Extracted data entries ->
Segment Open
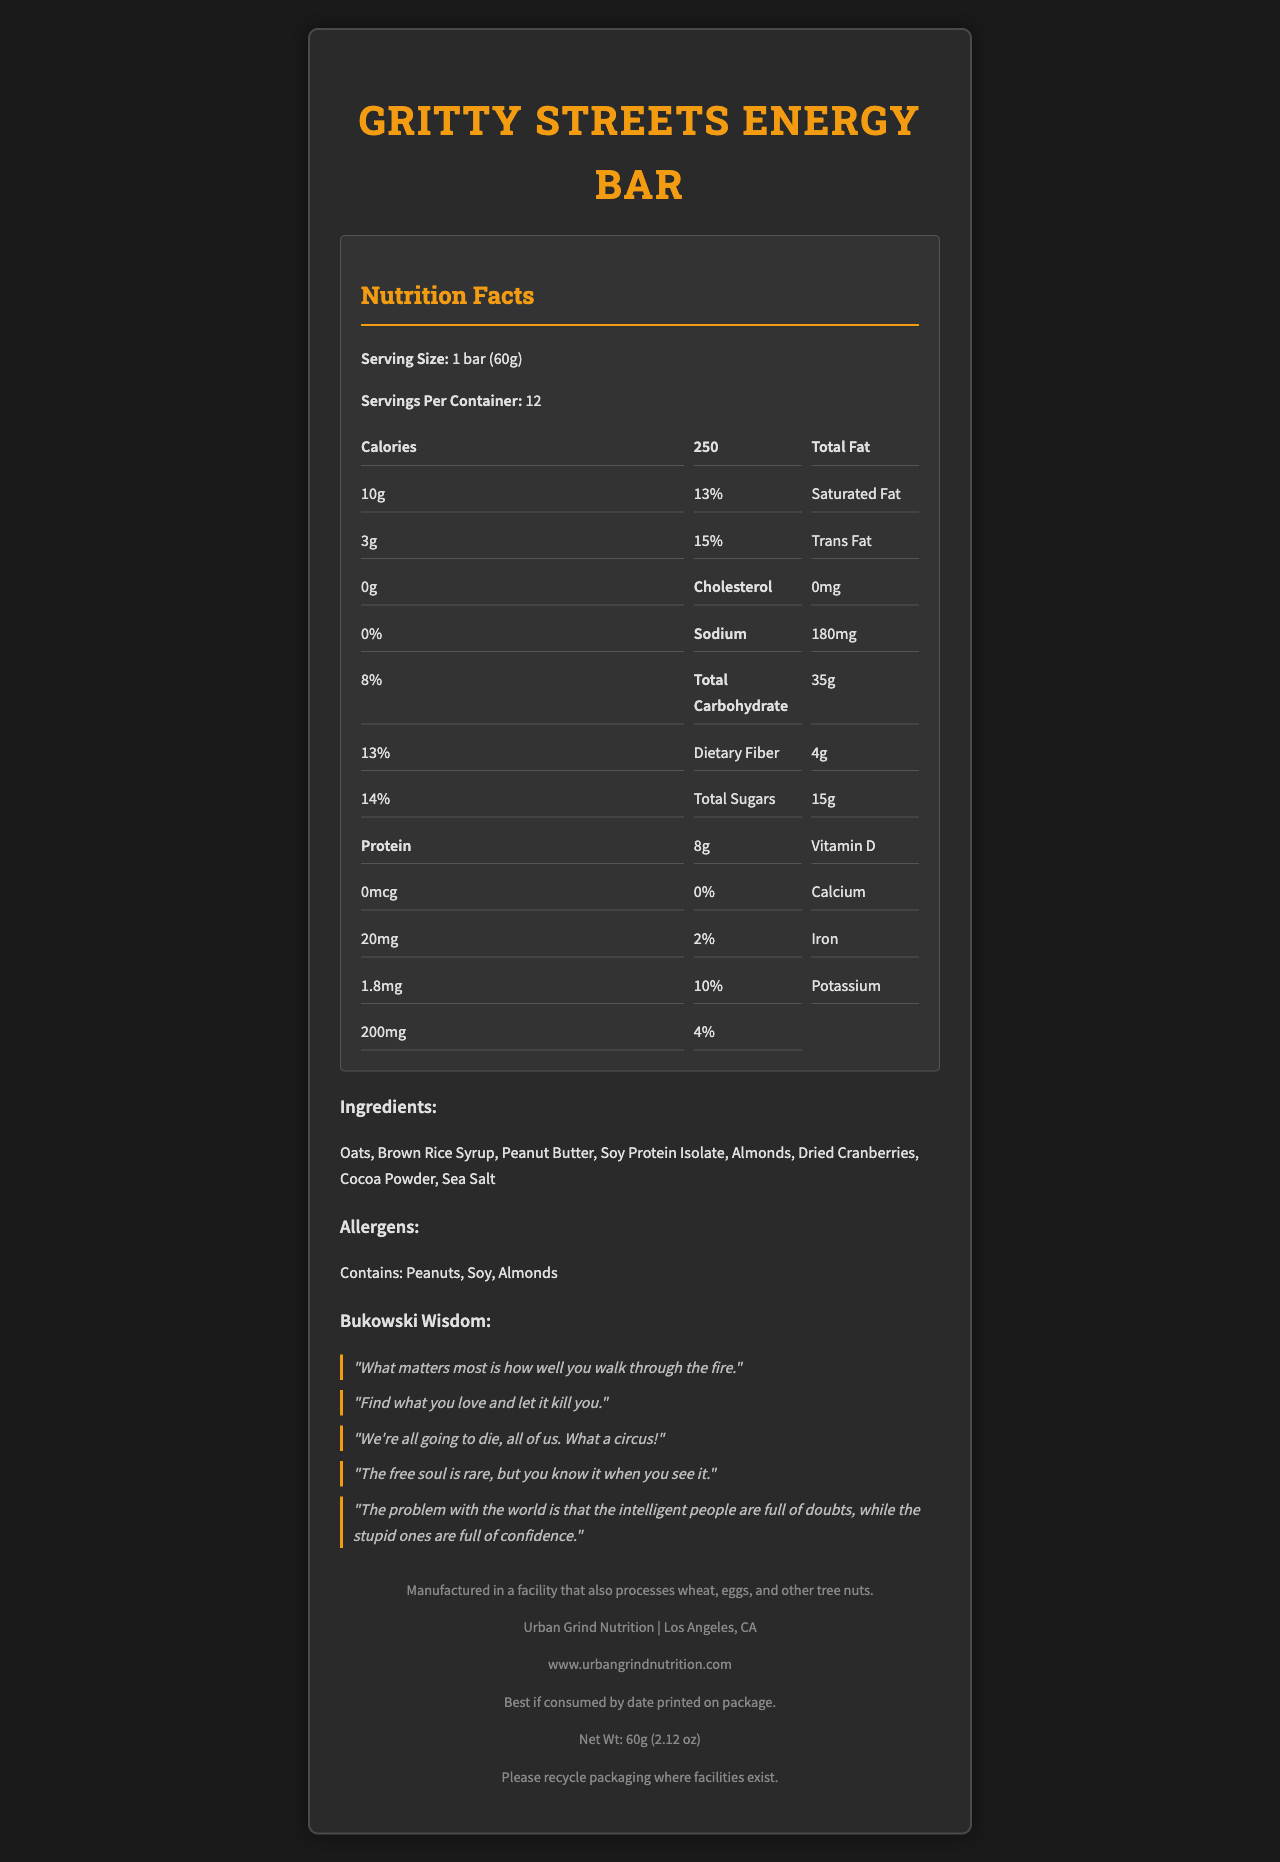what is the serving size for the Gritty Streets Energy Bar? The serving size is explicitly listed in the document under "Serving Size: 1 bar (60g)".
Answer: 1 bar (60g) how many calories are there per serving? The document states "Calories: 250" under the Nutrition Facts section.
Answer: 250 what percentage of the daily value of iron does one serving provide? The Nutrition Facts label lists Iron as providing 10% of the daily value.
Answer: 10% what is the total amount of dietary fiber in one serving? The total dietary fiber is listed as "4g" in the Nutrition Facts table.
Answer: 4g how much sodium is there in one serving? The amount of sodium per serving is explicitly listed as "180mg" in the document.
Answer: 180mg which ingredient is not in the Gritty Streets Energy Bar? A. Brown Rice Syrup B. Almonds C. Cashews D. Peanut Butter The ingredients listed in the document are Oats, Brown Rice Syrup, Peanut Butter, Soy Protein Isolate, Almonds, Dried Cranberries, Cocoa Powder, and Sea Salt. Cashews are not mentioned.
Answer: C. Cashews which Bukowski quote is not included on the packaging? I. "What matters most is how well you walk through the fire." II. "Find what you love and let it kill you." III. "To live is to suffer, to survive is to find some meaning in the suffering." IV. "The free soul is rare, but you know it when you see it." The listed Bukowski quotes in the document are "What matters most is how well you walk through the fire.", "Find what you love and let it kill you.", "We're all going to die, all of us. What a circus!", "The free soul is rare, but you know it when you see it." and "The problem with the world is that the intelligent people are full of doubts, while the stupid ones are full of confidence." The third quote is not included.
Answer: III. "To live is to suffer, to survive is to find some meaning in the suffering." Does the Gritty Streets Energy Bar contain peanuts? The allergens section lists "Contains: Peanuts, Soy, Almonds", confirming that the bar contains peanuts.
Answer: Yes Is there any trans fat in the Gritty Streets Energy Bar? The Nutrition Facts table lists "Trans fat: 0g", indicating that there is no trans fat in the bar.
Answer: No Summarize the main information provided in the Gritty Streets Energy Bar document. The document is a comprehensive Nutrition Facts Label for the Gritty Streets Energy Bar, which aims to highlight its nutritional content and ingredients, as well as provide additional relevant information such as allergens, manufacturing details, and inspirational quotes by Bukowski.
Answer: The document provides detailed nutritional information for the Gritty Streets Energy Bar, including serving size, calories, total fat, saturated fat, cholesterol, sodium, total carbohydrates, dietary fiber, total sugars, protein, and various vitamins and minerals. It also lists the ingredients, allergens, manufacturing information, company information, expiration info, and recycling info. Additionally, it features several quotes by Charles Bukowski on the packaging. how much protein does one serving of the Gritty Streets Energy Bar contain? The document lists protein content per serving as "8g" under the Nutrition Facts table.
Answer: 8g What is the total weight of the Gritty Streets Energy Bar? The document provides the bar weight as "60g (2.12 oz)" in the company information section.
Answer: 60g (2.12 oz) are wheat or eggs processed in the same facility as the Gritty Streets Energy Bar? The manufacturing information states, "Manufactured in a facility that also processes wheat, eggs, and other tree nuts."
Answer: Yes Is the Vitamin D content significant in the Gritty Streets Energy Bar? The Vitamin D content is listed as "0%" of the daily value, indicating it is not significant.
Answer: No what is the name and location of the company that makes the Gritty Streets Energy Bar? The company information section provides the name as "Urban Grind Nutrition" and the location as "Los Angeles, CA".
Answer: Urban Grind Nutrition, Los Angeles, CA How does the document handle recycling information for the Gritty Streets Energy Bar packaging? The recycling information section mentions: "Please recycle packaging where facilities exist."
Answer: Please recycle packaging where facilities exist. Which ingredient is present in the Gritty Streets Energy Bar but not mentioned in the nutrition facts? The document lists all the ingredients but the Nutrition Facts focus mainly on the macronutrients, micronutrients, and main components like fats, carbs, proteins without delving into each ingredient specifically.
Answer: I don't know
Segment Closed
TASK TO COMPLETE -> When a line in the data contains the string "amount", copy that line.

WORKED SOLUTION ->
Answer: 10% what is the total amount of dietary fiber in one serving? The total dietary fiber is listed as "4g" in the Nutrition Facts table.
Answer: 4g how much sodium is there in one serving? The amount of sodium per serving is explicitly listed as "180mg" in the document.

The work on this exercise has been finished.